## EXERCISE
The records below must be output exactly, with no images carried over.

## ENTRIES PROVIDED
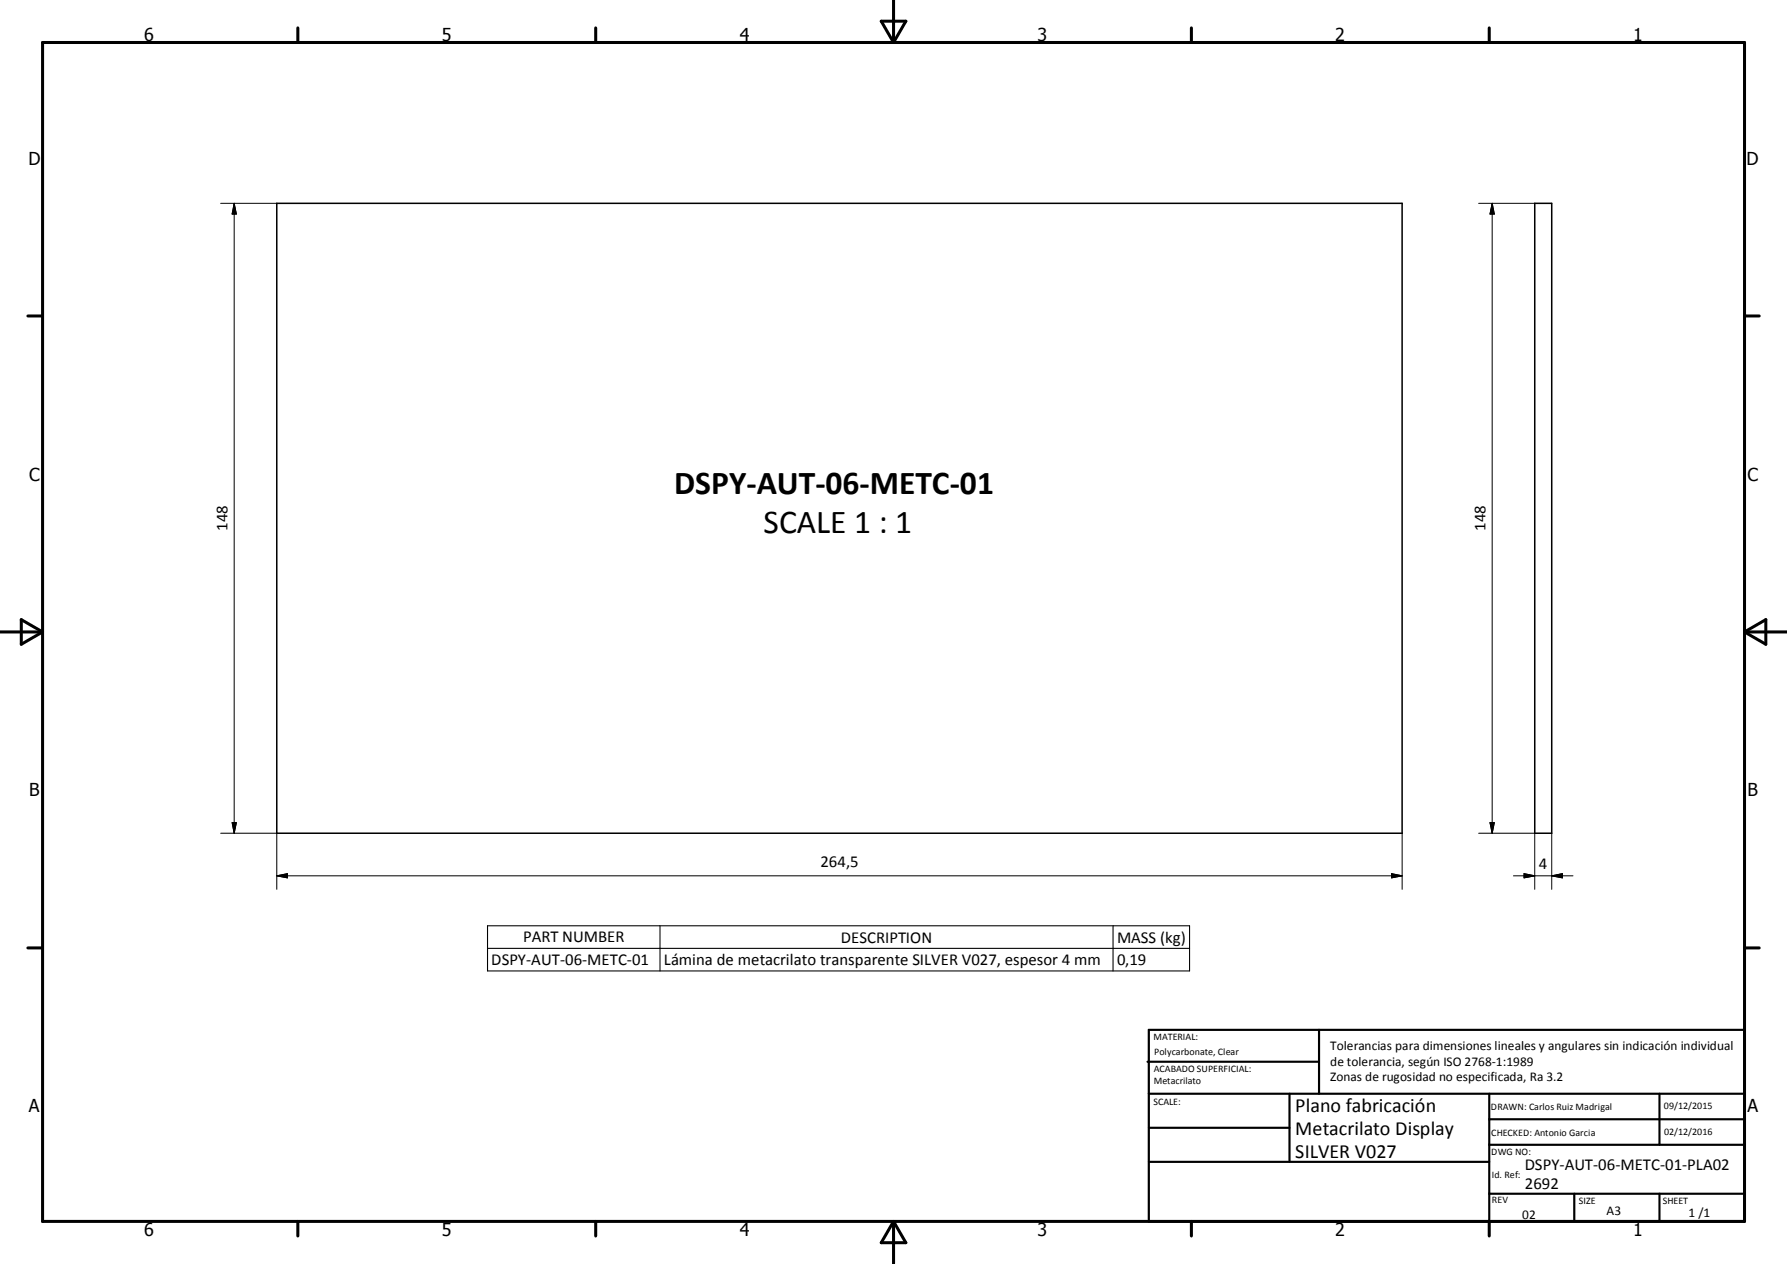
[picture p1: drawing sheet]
<svg xmlns="http://www.w3.org/2000/svg" width="420mm" height="297mm" viewBox="0 0 420 297" stroke-linecap="round" stroke-linejoin="round" font-family="sans-serif">
<defs><g id="words">
<g font-size="7.9">
<text x="158.5" y="116.2">DSPY-AUT-06-METC-01</text>
<text x="179.5" y="125.1">SCALE 1 : 1</text>
</g>
<g font-size="4.7">
<text x="304.5" y="261.2">Plano fabricación</text>
<text x="304.5" y="266.6">Metacrilato Display</text>
<text x="304.5" y="272">SILVER V027</text>
</g>
<g font-size="4.2">
<text x="33.9" y="9.6">6</text>
<text x="103.9" y="9.6">5</text>
<text x="173.9" y="9.6">4</text>
<text x="243.8" y="9.6">3</text>
<text x="313.9" y="9.6">2</text>
<text x="383.9" y="9.6">1</text>
<text x="6.7" y="38.7">D</text>
<text x="410.5" y="38.7">D</text>
<text x="6.9" y="112.9">C</text>
<text x="410.7" y="112.9">C</text>
<text x="6.9" y="187.1">B</text>
<text x="410.7" y="187.1">B</text>
<text x="6.8" y="261.4">A</text>
<text x="410.7" y="261.4">A</text>
<text x="33.9" y="290.4">6</text>
<text x="103.9" y="290.4">5</text>
<text x="173.9" y="290.4">4</text>
<text x="243.8" y="290.4">3</text>
<text x="313.9" y="290.4">2</text>
<text x="383.9" y="290.4">1</text>
</g>
<g font-size="3.9">
<text x="53.5" y="124.8" transform="rotate(-90 53.5 124.8)">148</text>
<text x="349.2" y="124.8" transform="rotate(-90 349.2 124.8)">148</text>
<text x="192.9" y="203.7">264,5</text>
<text x="361.7" y="204.2">4</text>
<text x="122.9" y="221.4">PART NUMBER</text>
<text x="197.6" y="221.5">DESCRIPTION</text>
<text x="262.6" y="221.6">MASS (kg)</text>
<text x="115.5" y="226.7">DSPY-AUT-06-METC-01</text>
<text x="156" y="226.8">Lámina de metacrilato transparente SILVER V027, espesor 4 mm</text>
<text x="262.6" y="226.7">0,19</text>
<text x="358.4" y="274.9">DSPY-AUT-06-METC-01-PLA02</text>
<text x="358.4" y="279.4">2692</text>
</g>
<g font-size="3.1">
<text x="312.7" y="246.8">Tolerancias para dimensiones lineales y angulares sin indicación individual</text>
<text x="312.7" y="250.4">de tolerancia, según ISO 2768-1:1989</text>
<text x="312.7" y="254">Zonas de rugosidad no especificada, Ra 3.2</text>
<text x="357.8" y="286.5">02</text>
<text x="377.6" y="285.6">A3</text>
<text x="396.9" y="285.9">1 /1</text>
</g>
<g font-size="2.4">
<text x="271.1" y="244.4">MATERIAL:</text>
<text x="271.2" y="252">ACABADO SUPERFICIAL:</text>
<text x="271.3" y="248">Polycarbonate, Clear</text>
<text x="271.2" y="254.7">Metacrilato</text>
<text x="271.1" y="259.7">SCALE:</text>
<text x="350.4" y="260.8">DRAWN: Carlos Ruiz Madrigal</text>
<text x="391.1" y="260.6">09/12/2015</text>
<text x="350.5" y="267">CHECKED: Antonio Garcia</text>
<text x="391.2" y="266.7">02/12/2016</text>
<text x="350.5" y="271.4">DWG NO:</text>
<text x="350.7" y="276.9">Id. Ref:</text>
<text x="350.7" y="282.8">REV</text>
<text x="371.1" y="282.9">SIZE</text>
<text x="390.8" y="283">SHEET</text>
</g>
</g></defs>
<path d="M65.1 47.8h264.5v148h-264.5zM360.7 47.8h4v148h-4z" fill="none" stroke="#000" stroke-width=".36"/>
<g fill="none" stroke="#000" stroke-width=".71">
<path d="M10 10h400v277h-400zM70 6.6v3.4M140 6.6v3.4M207.1 5h5.8l-2.9 5zM210 0v10M280 6.6v3.4M350 6.6v3.4M6.6 74.2h3.4M410 74.2h3.5M0 148.5h10M5 145.6l5 2.9-5 2.9zM410 148.5h10.1"/>
<path d="M410 148.5l5.1-2.9v5.8zM6.6 222.7h3.4M410 222.7h3.5M70 287v3.4M140 287v3.4M210 287v10M210 287l2.9 5h-5.8zM280 287v3.4M350 287v3.4"/>
</g>
<g fill="none" stroke="#000" stroke-width=".51">
<path d="M269.7 249.5h40.3M270 242h140v45h-140zM270 257h140M303.1 257v16M310 242v15M350 257v30M390.1 257v12M270 265h33.1M270 273h80M350 269h60M350 263h60M350 280.5h60"/>
<path d="M370 280.5v6.5M390.1 280.5v6.5"/>
</g>
<path d="M114.6 217.5h165v10.7h-165zM155.1 217.5v10.7M261.6 217.5v10.7M114.6 222.8h165" fill="none" stroke="#000" stroke-width=".25"/>
<g fill="none" stroke="#000" stroke-width=".24">
<path d="M51.9 47.8h13.2M55 47.8v148M55 47.8l.6 2.5h-1zM347.6 47.8h13.1M350.7 47.8l.5 2.5h-1zM350.7 47.8v148M51.9 195.8h13.2v13.2M54.6 193.3h1l-.6 2.5zM329.6 195.8v13.2M347.6 195.8h13.1v13.2M350.2 193.3h1l-.5 2.5zM364.7 195.8v13.2"/>
<path d="M65.1 205.8h264.5M65.1 205.8l2.5-.5v1zM327.1 205.3l2.5 .5-2.5 .5zM355.7 205.8h14M358.2 205.3l2.5 .5-2.5 .5zM364.7 205.8l2.5-.5v1z"/>
</g>
<path d="M55 47.8l.6 2.5h-1zM350.7 47.8l.5 2.5h-1zM54.6 193.3h1l-.6 2.5zM350.2 193.3h1l-.5 2.5zM65.1 205.8l2.5-.5v1zM327.1 205.3l2.5 .5-2.5 .5zM358.2 205.3l2.5 .5-2.5 .5zM364.7 205.8l2.5-.5v1z" fill="#000" stroke="#000" stroke-width=".24"/>
<use href="#words"/>
</svg>

## TASK ANSWER
[picture p1: drawing sheet]
<svg xmlns="http://www.w3.org/2000/svg" width="420mm" height="297mm" viewBox="0 0 420 297" stroke-linecap="round" stroke-linejoin="round" font-family="sans-serif">
<defs><g id="words">
<g font-size="7.9">
<text x="158.5" y="116.2">DSPY-AUT-06-METC-01</text>
<text x="179.5" y="125.1">SCALE 1 : 1</text>
</g>
<g font-size="4.7">
<text x="304.5" y="261.2">Plano fabricación</text>
<text x="304.5" y="266.6">Metacrilato Display</text>
<text x="304.5" y="272">SILVER V027</text>
</g>
<g font-size="4.2">
<text x="33.9" y="9.6">6</text>
<text x="103.9" y="9.6">5</text>
<text x="173.9" y="9.6">4</text>
<text x="243.8" y="9.6">3</text>
<text x="313.9" y="9.6">2</text>
<text x="383.9" y="9.6">1</text>
<text x="6.7" y="38.7">D</text>
<text x="410.5" y="38.7">D</text>
<text x="6.9" y="112.9">C</text>
<text x="410.7" y="112.9">C</text>
<text x="6.9" y="187.1">B</text>
<text x="410.7" y="187.1">B</text>
<text x="6.8" y="261.4">A</text>
<text x="410.7" y="261.4">A</text>
<text x="33.9" y="290.4">6</text>
<text x="103.9" y="290.4">5</text>
<text x="173.9" y="290.4">4</text>
<text x="243.8" y="290.4">3</text>
<text x="313.9" y="290.4">2</text>
<text x="383.9" y="290.4">1</text>
</g>
<g font-size="3.9">
<text x="53.5" y="124.8" transform="rotate(-90 53.5 124.8)">148</text>
<text x="349.2" y="124.8" transform="rotate(-90 349.2 124.8)">148</text>
<text x="192.9" y="203.7">264,5</text>
<text x="361.7" y="204.2">4</text>
<text x="122.9" y="221.4">PART NUMBER</text>
<text x="197.6" y="221.5">DESCRIPTION</text>
<text x="262.6" y="221.6">MASS (kg)</text>
<text x="115.5" y="226.7">DSPY-AUT-06-METC-01</text>
<text x="156" y="226.8">Lámina de metacrilato transparente SILVER V027, espesor 4 mm</text>
<text x="262.6" y="226.7">0,19</text>
<text x="358.4" y="274.9">DSPY-AUT-06-METC-01-PLA02</text>
<text x="358.4" y="279.4">2692</text>
</g>
<g font-size="3.1">
<text x="312.7" y="246.8">Tolerancias para dimensiones lineales y angulares sin indicación individual</text>
<text x="312.7" y="250.4">de tolerancia, según ISO 2768-1:1989</text>
<text x="312.7" y="254">Zonas de rugosidad no especificada, Ra 3.2</text>
<text x="357.8" y="286.5">02</text>
<text x="377.6" y="285.6">A3</text>
<text x="396.9" y="285.9">1 /1</text>
</g>
<g font-size="2.4">
<text x="271.1" y="244.4">MATERIAL:</text>
<text x="271.2" y="252">ACABADO SUPERFICIAL:</text>
<text x="271.3" y="248">Polycarbonate, Clear</text>
<text x="271.2" y="254.7">Metacrilato</text>
<text x="271.1" y="259.7">SCALE:</text>
<text x="350.4" y="260.8">DRAWN: Carlos Ruiz Madrigal</text>
<text x="391.1" y="260.6">09/12/2015</text>
<text x="350.5" y="267">CHECKED: Antonio Garcia</text>
<text x="391.2" y="266.7">02/12/2016</text>
<text x="350.5" y="271.4">DWG NO:</text>
<text x="350.7" y="276.9">Id. Ref:</text>
<text x="350.7" y="282.8">REV</text>
<text x="371.1" y="282.9">SIZE</text>
<text x="390.8" y="283">SHEET</text>
</g>
</g></defs>
<path d="M65.1 47.8h264.5v148h-264.5zM360.7 47.8h4v148h-4z" fill="none" stroke="#000" stroke-width=".36"/>
<g fill="none" stroke="#000" stroke-width=".71">
<path d="M10 10h400v277h-400zM70 6.6v3.4M140 6.6v3.4M207.1 5h5.8l-2.9 5zM210 0v10M280 6.6v3.4M350 6.6v3.4M6.6 74.2h3.4M410 74.2h3.5M0 148.5h10M5 145.6l5 2.9-5 2.9zM410 148.5h10.1"/>
<path d="M410 148.5l5.1-2.9v5.8zM6.6 222.7h3.4M410 222.7h3.5M70 287v3.4M140 287v3.4M210 287v10M210 287l2.9 5h-5.8zM280 287v3.4M350 287v3.4"/>
</g>
<g fill="none" stroke="#000" stroke-width=".51">
<path d="M269.7 249.5h40.3M270 242h140v45h-140zM270 257h140M303.1 257v16M310 242v15M350 257v30M390.1 257v12M270 265h33.1M270 273h80M350 269h60M350 263h60M350 280.5h60"/>
<path d="M370 280.5v6.5M390.1 280.5v6.5"/>
</g>
<path d="M114.6 217.5h165v10.7h-165zM155.1 217.5v10.7M261.6 217.5v10.7M114.6 222.8h165" fill="none" stroke="#000" stroke-width=".25"/>
<g fill="none" stroke="#000" stroke-width=".24">
<path d="M51.9 47.8h13.2M55 47.8v148M55 47.8l.6 2.5h-1zM347.6 47.8h13.1M350.7 47.8l.5 2.5h-1zM350.7 47.8v148M51.9 195.8h13.2v13.2M54.6 193.3h1l-.6 2.5zM329.6 195.8v13.2M347.6 195.8h13.1v13.2M350.2 193.3h1l-.5 2.5zM364.7 195.8v13.2"/>
<path d="M65.1 205.8h264.5M65.1 205.8l2.5-.5v1zM327.1 205.3l2.5 .5-2.5 .5zM355.7 205.8h14M358.2 205.3l2.5 .5-2.5 .5zM364.7 205.8l2.5-.5v1z"/>
</g>
<path d="M55 47.8l.6 2.5h-1zM350.7 47.8l.5 2.5h-1zM54.6 193.3h1l-.6 2.5zM350.2 193.3h1l-.5 2.5zM65.1 205.8l2.5-.5v1zM327.1 205.3l2.5 .5-2.5 .5zM358.2 205.3l2.5 .5-2.5 .5zM364.7 205.8l2.5-.5v1z" fill="#000" stroke="#000" stroke-width=".24"/>
<use href="#words"/>
</svg>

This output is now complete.